Assigned task ▸ Go through the lines below and tally each one holding "pitch". Write only the total.
*** Available records Section Begins ***
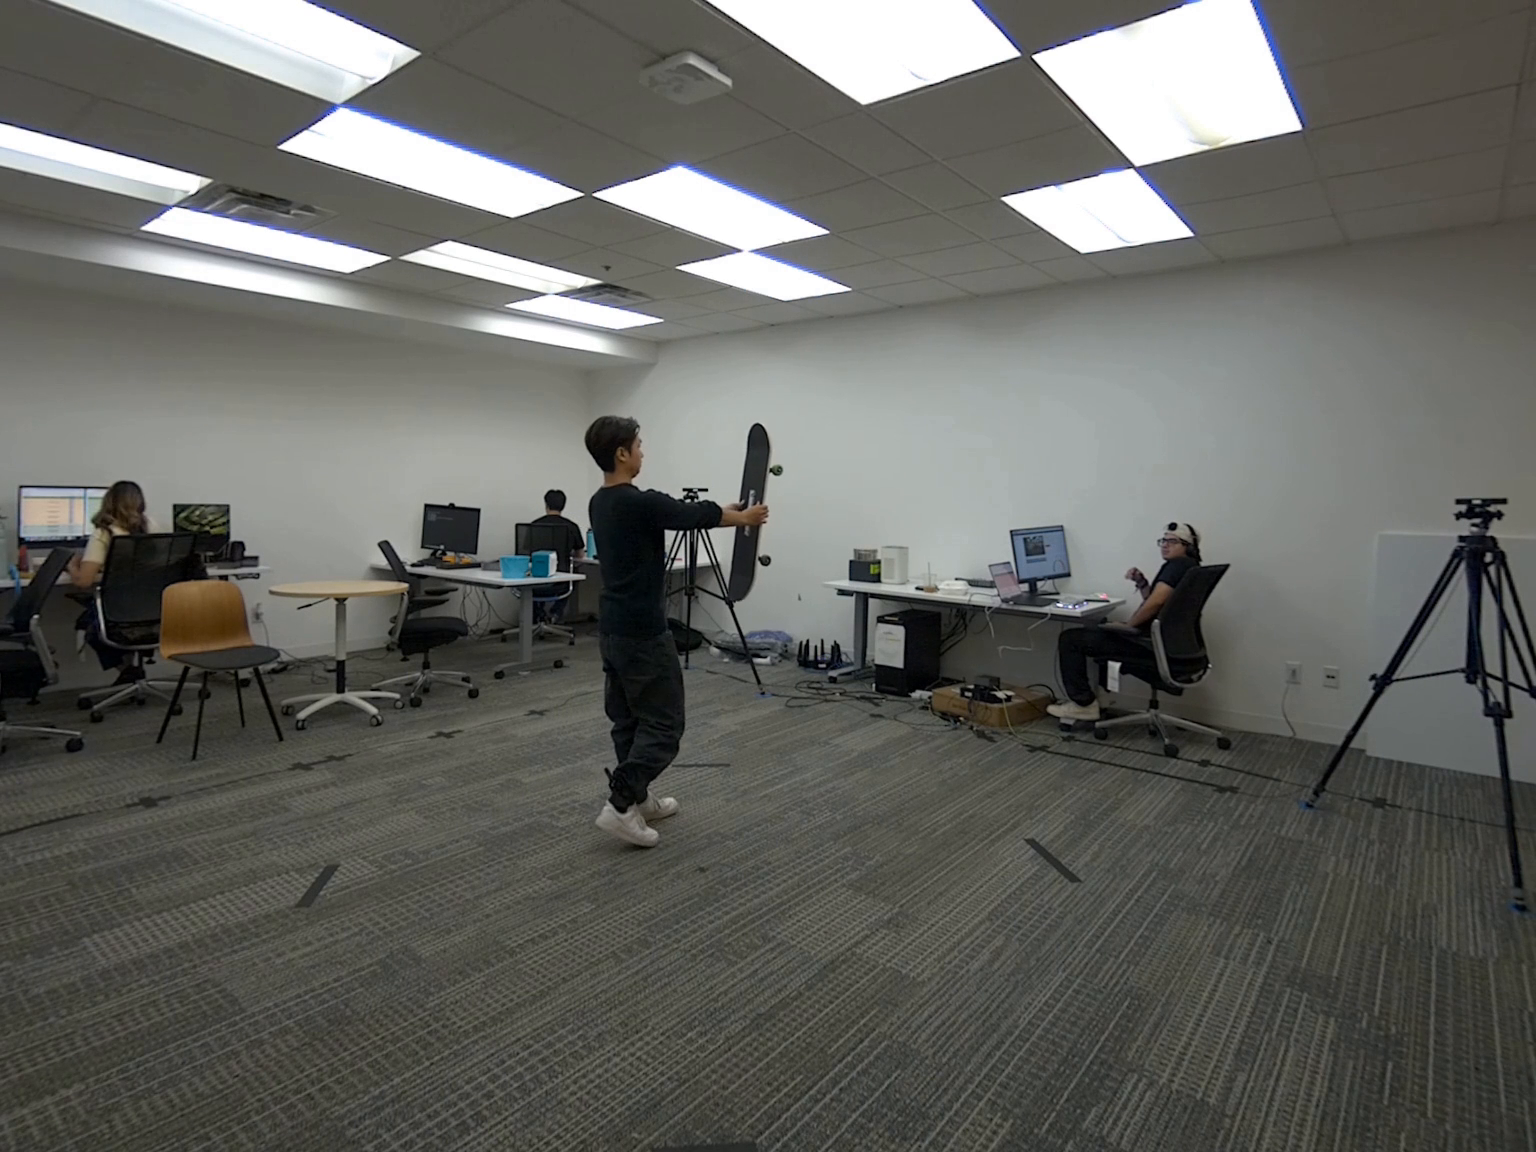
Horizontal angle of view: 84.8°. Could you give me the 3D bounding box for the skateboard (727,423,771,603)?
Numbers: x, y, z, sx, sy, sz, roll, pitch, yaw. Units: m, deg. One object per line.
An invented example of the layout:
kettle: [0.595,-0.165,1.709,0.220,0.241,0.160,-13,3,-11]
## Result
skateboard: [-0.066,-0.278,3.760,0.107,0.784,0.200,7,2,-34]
*** Available records Section Ends ***
*** Available records Section Begins ***
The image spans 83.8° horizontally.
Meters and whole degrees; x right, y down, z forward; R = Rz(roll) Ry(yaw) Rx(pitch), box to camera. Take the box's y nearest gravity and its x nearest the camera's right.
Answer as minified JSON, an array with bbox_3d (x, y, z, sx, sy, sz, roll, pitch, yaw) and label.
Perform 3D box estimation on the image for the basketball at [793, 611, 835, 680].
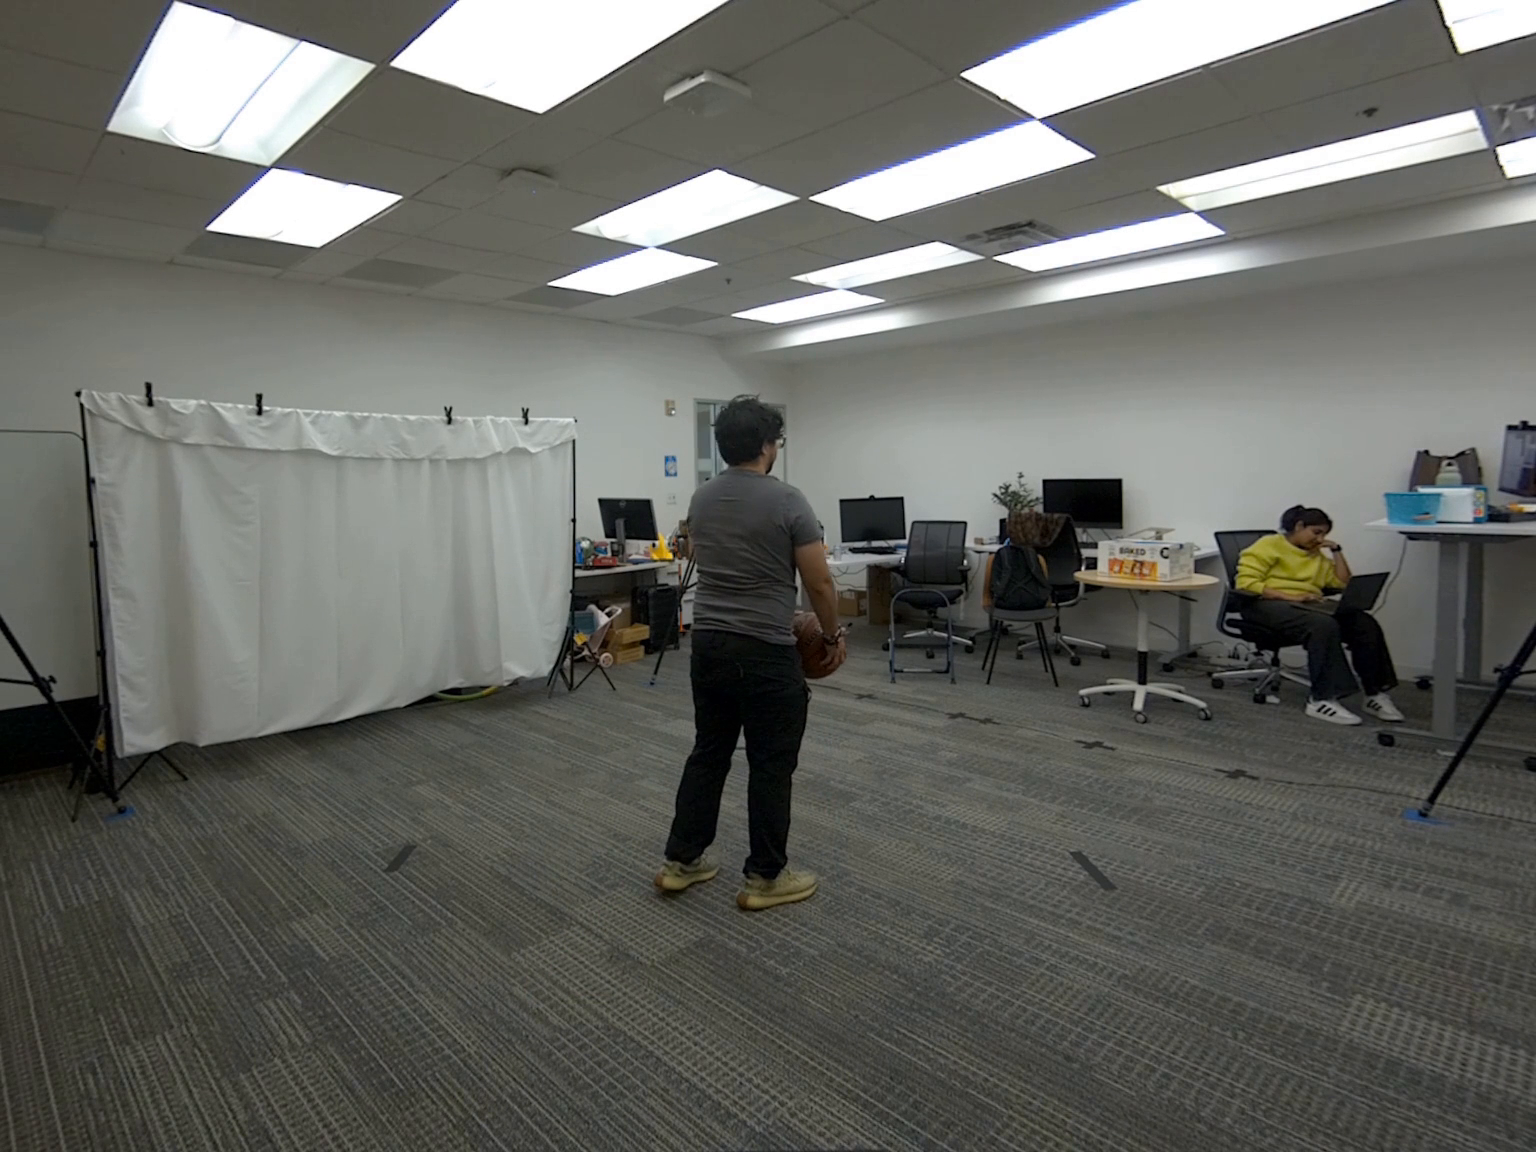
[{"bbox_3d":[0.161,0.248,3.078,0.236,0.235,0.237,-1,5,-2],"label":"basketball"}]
*** Available records Section Ends ***
Finished task ▸ 3